深沉的夜色籠罩著德意志西部邊陲小鎮,萬籟俱靜,昏黃的路燈無力地飄忽閃爍,小巷街頭早已人跡全無,只有夜行動物在蟋蟀的歡叫聲中活躍流竄,偶爾,還會聞得幾下狗吠聲,電燈標示著這個古老的小鎮已經處於電力支配下的文明時代,否則,如果舉著火把在這樣的夜晚行走,會讓人覺得彷彿穿越回到了那個愚昧與進步並存的中世紀。

清脆的腳步聲噔噔地響起,暗夜無人的街道上,卻鮮有地出現一個魁梧身影,這是一個黑衣男子,因膚色與黑夜底色相同之故,他幾乎成了一個“隱形人”,此外,他戴著領帽,只有一雙烔亮的眼睛帶著謹慎抵防的眼神在昏暗的夜晚格外鮮明,當然,如果還有人注意到的話。
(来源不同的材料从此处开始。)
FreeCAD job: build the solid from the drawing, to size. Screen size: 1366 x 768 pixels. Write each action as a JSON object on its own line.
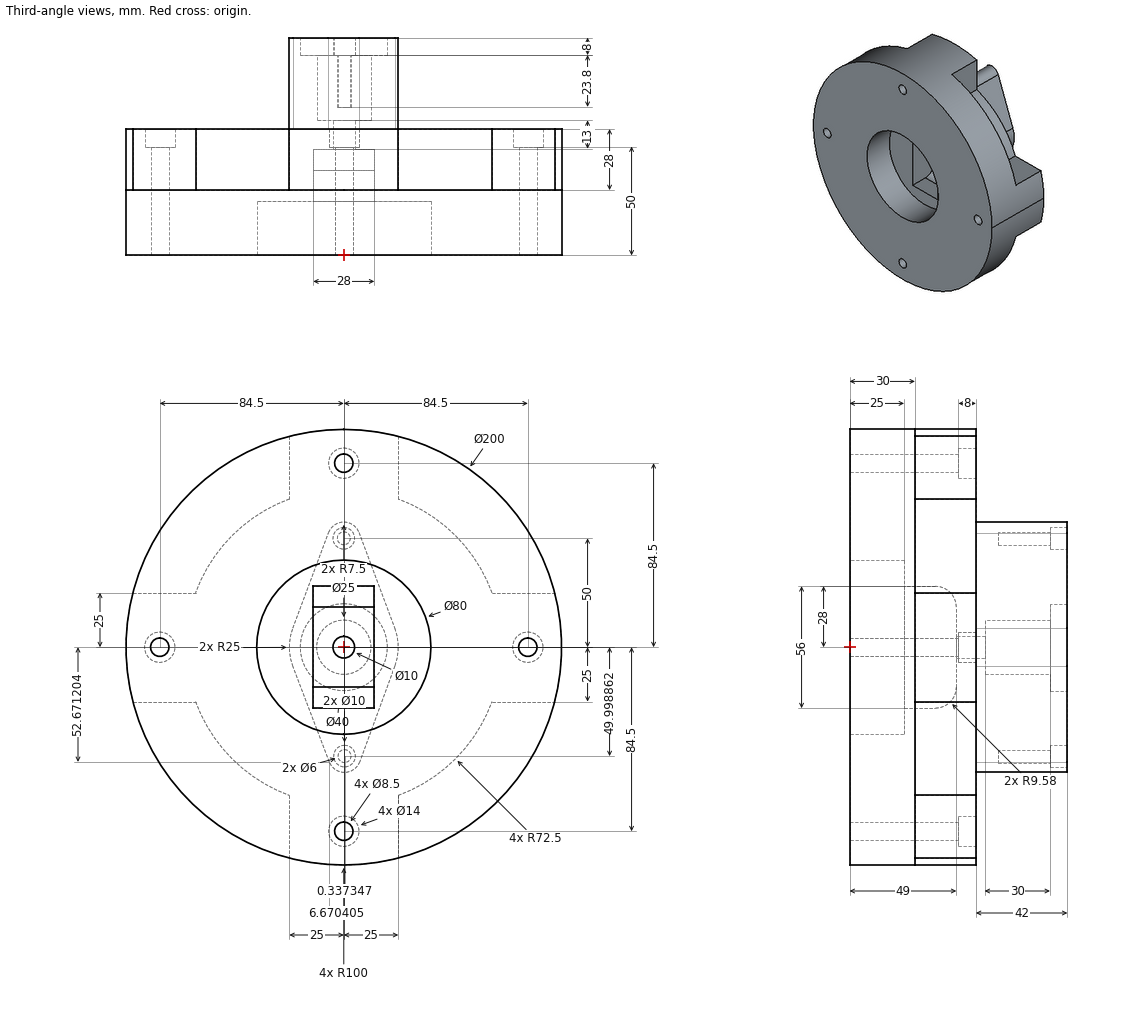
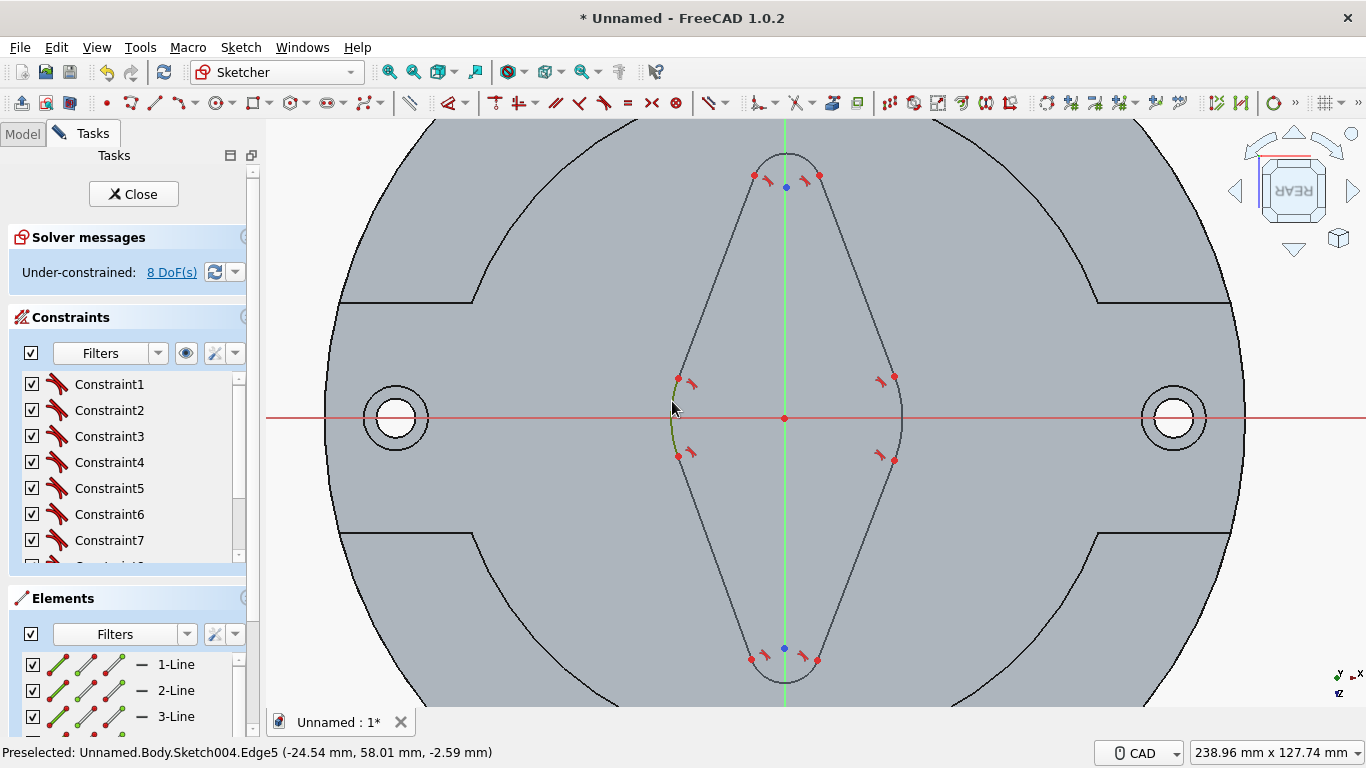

然而,事實上他也必須成為一個隱身人,因為,他在這裡現身並執行的事項需要做到絕對隱秘,如果行蹤洩漏,他真的會成為一個消失在黑暗中的“隱形人”。這種說法並無恐怖誇張之處,他們這類人本身就生活在世界的陰暗處,這個黑色領域給予可觀財富與榮耀的同時,也同樣會降下不測的死亡與危險。在他們的生活裡更是不乏諸如此類的範例,形容得直白點,他們過的就是刀口舔血的營生,而且,這絕非普通黑幫那樣的刀劍交加,他們這類人之間要是相互傾軋,可以是一次陰險血腥的謀殺,也可以是一場生靈塗炭的戰爭,從古至今絕無例外。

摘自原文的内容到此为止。